Richard, Rotherham and the King’s Half-Brother

By , 26 June 2013 6:26 pm

The discovery of the remains of Richard III in a car park in Leicester prompted me to return to an annotation in a volume discovered and described briefly by my colleague Laura Nuvoloni in 2011. The book is a copy of Bartolus de Saxoferrato, Super secunda parte Digesti novi, printed in Venice by Vindelinus de Spira in 1473, Inc.1.B.3.1b[1341]. An early inscription demonstrates that it was once in the possession of Thomas Rotherham, Archbishop of York and Chancellor of England, and an annotation in it seems to refer to the events of June 1483, when Richard III seized power following the unexpected death of Edward IV.

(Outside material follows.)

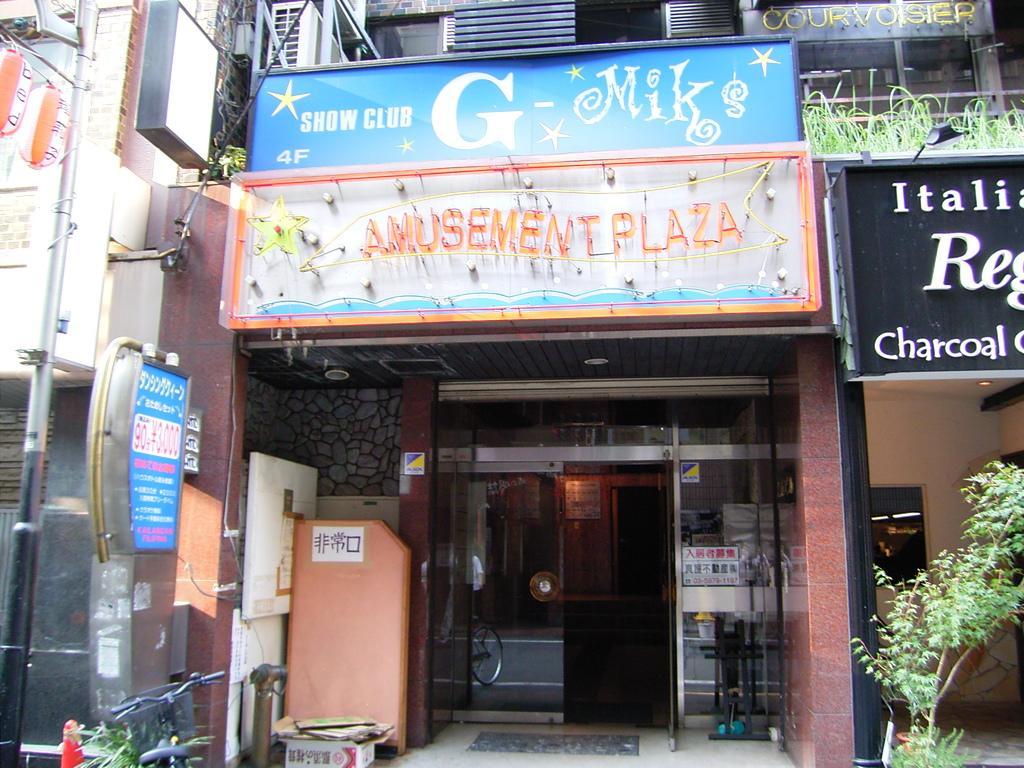Can you describe this image briefly? In this picture we can see glass door. On the top there is a building. Here we can see banners, posters and the shop name. On the bottom left corner we can see electric pole and cotton boxes. On the right there is a plant. Here we can see grass which is near to the light.

Rotherham’s annotation “Ricardus Grey” on leaf [x5] recto of the Bartolus

Its former owner Thomas Rotherham (1423–1500), was a fellow of King’s College during the 1450s, and by 1461 had become one of the new king Edward IV’s chaplains1. He rose steadily (with an intermission during the readeption of Henry VI) during the 1460s and 70s, becoming chancellor of England in 1474 and archbishop of York in 1480. His career suffered a setback in the tumultuous year 1483, when his royal patron unexpectedly died on 9 April. Twenty days later the twelve-year-old heir to the throne, now Edward V, was seized by his uncle Richard of Gloucester at Stony Stratford while journeying to London and his entourage placed under arrest. According to Sir Thomas More, when news of this coup reached the capital, Rotherham temporarily entrusted the Great Seal to Edward IV’s queen Elizabeth Woodville who had taken sanctuary at Westminster. He was deprived of the chancellorship and subsequently arrested at the famous council meeting of 13 June after which William, Lord Hastings was summarily executed. Rotherham was spared and imprisoned in the Tower; Edward V was already there, though presumably at this time in relative comfort in the royal apartments, and would be joined by his little brother Richard of York on the 16th. If contemporary accounts are to be believed, the two young princes were never to emerge; Rotherham was luckier, being released in early July following a heartfelt plea to the new king Richard III from the University of Cambridge, of which he was at that time Chancellor:

Most Cristen and victorious prince we beseche youe to heer our humble prayours. For we must nedes mowrne and sorowe desolate of comfurth vnto we heer and vnderstande your benynge syprite of pyte to hymwarde whiche is a greete prelate in the realme of ynglonde…2

The inscription ‘My lord chawnceler’ in the Bartolus.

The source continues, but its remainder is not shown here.